* **TASK**: Only lines containing the string "Align" belong in the answer; copy all of them from the entries.

Source records
┏━━
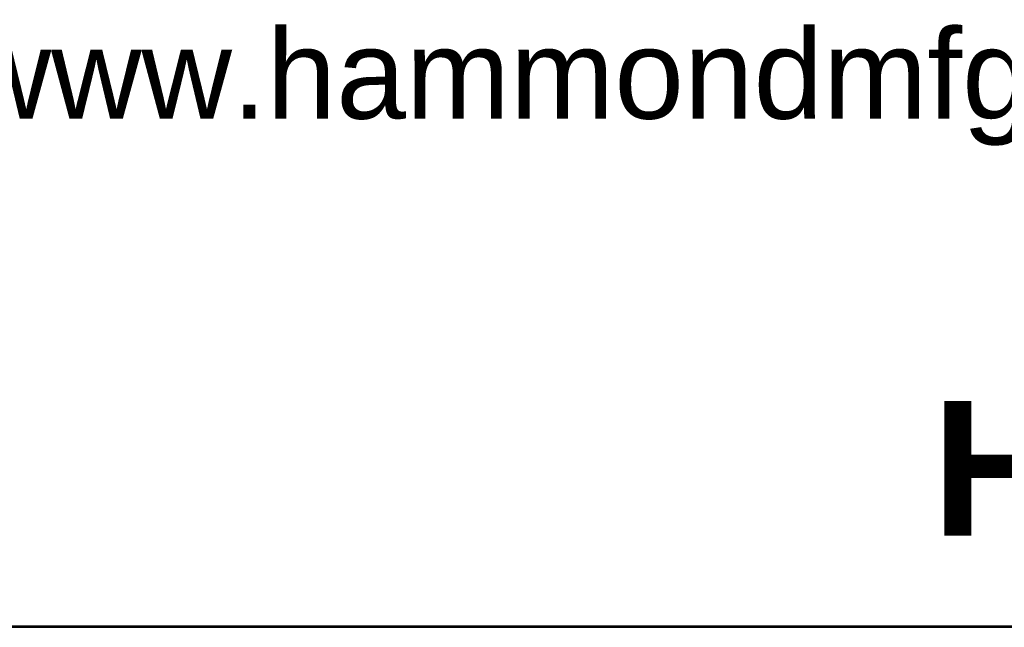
# Model space of a CAD drawing. Header units: inches. Extents: x 0 to 52.8, y 0 to 39.5.
# Tile 4 of 11: x 44.5 to 48.9, y 0 to 2.7. Entities that reach past the tile are written whole.
import ezdxf
from ezdxf.enums import TextEntityAlignment as Align

# ---------------------------------------------------------------- set-up
doc = ezdxf.new("R2010")
doc.units = ezdxf.units.IN
doc.header["$MEASUREMENT"] = 0
doc.layers.add('Default', color=7, linetype='Continuous')
doc.styles.add('SEACAD_ArialB', font='arialbd.ttf')

# ---------------------------------------------------------------- blocks, each defined once
blk = doc.blocks.new('SEANNOT_GROUP2')
at = {"layer": 'Default', "color": 7, "linetype": 'Continuous', "style": 'SEACAD_ArialB'}
blk.add_text('HCM230U', height=2.25, dxfattribs=at).set_placement((-15.97, 3.761), align=Align.TOP_LEFT)
blk = doc.blocks.new('Block13')
at = {"layer": 'Default', "color": 7, "linetype": 'Continuous'}
blk.add_line((3.5155, 0), (0, 0), dxfattribs=at)
at = {"layer": 'Default', "insert": (1.3679, 0.6657), "char_height": 0.1, "width": 1.572281, "attachment_point": 1}
blk.add_mtext('{\\fArial|b0||i0||c0|p34;\\C7;\\H0.1;\\W1.;www.hammondmfg.com}', dxfattribs=at)
blk = doc.blocks.new('Block11')
at = {"layer": 'Default', "color": 7}
blk.add_blockref('Block13', (0, 0), dxfattribs=at)
blk = doc.blocks.new('Block10')
at = {"layer": 'Default', "color": 7}
blk.add_blockref('Block11', (0, 0), dxfattribs=at)
blk = doc.blocks.new('Block2')
at = {"layer": 'Default', "color": 7, "linetype": 'Continuous'}
blk.add_line((-52.744, 0), (-0.012, 0), dxfattribs=at)
at = {"layer": 'Default', "color": 7, "xscale": 15, "yscale": 15, "zscale": 15}
blk.add_blockref('Block10', (-52.744, 0), dxfattribs=at)
at = {"layer": 'Default'}
blk.add_blockref('SEANNOT_GROUP2', (0, 0), dxfattribs=at)
blk = doc.blocks.new('Block222')
at = {"layer": 'Default', "color": 7}
blk.add_blockref('Block2', (106.578, -49.503), dxfattribs=at)

msp = doc.modelspace()

# ---------------------------------------------------------------- linework, layer by layer
at = {"layer": 'Default', "color": 7, "linetype": 'Continuous'}
msp.add_line((0, 0), (52.8448, 0), dxfattribs=at)

# ---------------------------------------------------------------- block references
at = {"layer": 'Default', "color": 7, "xscale": 0.2640676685, "yscale": 0.2640676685, "zscale": 0.2640676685}
msp.add_blockref('Block222', (24.6051, 13.0777), dxfattribs=at)

doc.saveas('drawing.dxf')
┗━━
* **RESPONSE TO THE EXERCISE**:
from ezdxf.enums import TextEntityAlignment as Align
blk.add_text('HCM230U', height=2.25, dxfattribs=at).set_placement((-15.97, 3.761), align=Align.TOP_LEFT)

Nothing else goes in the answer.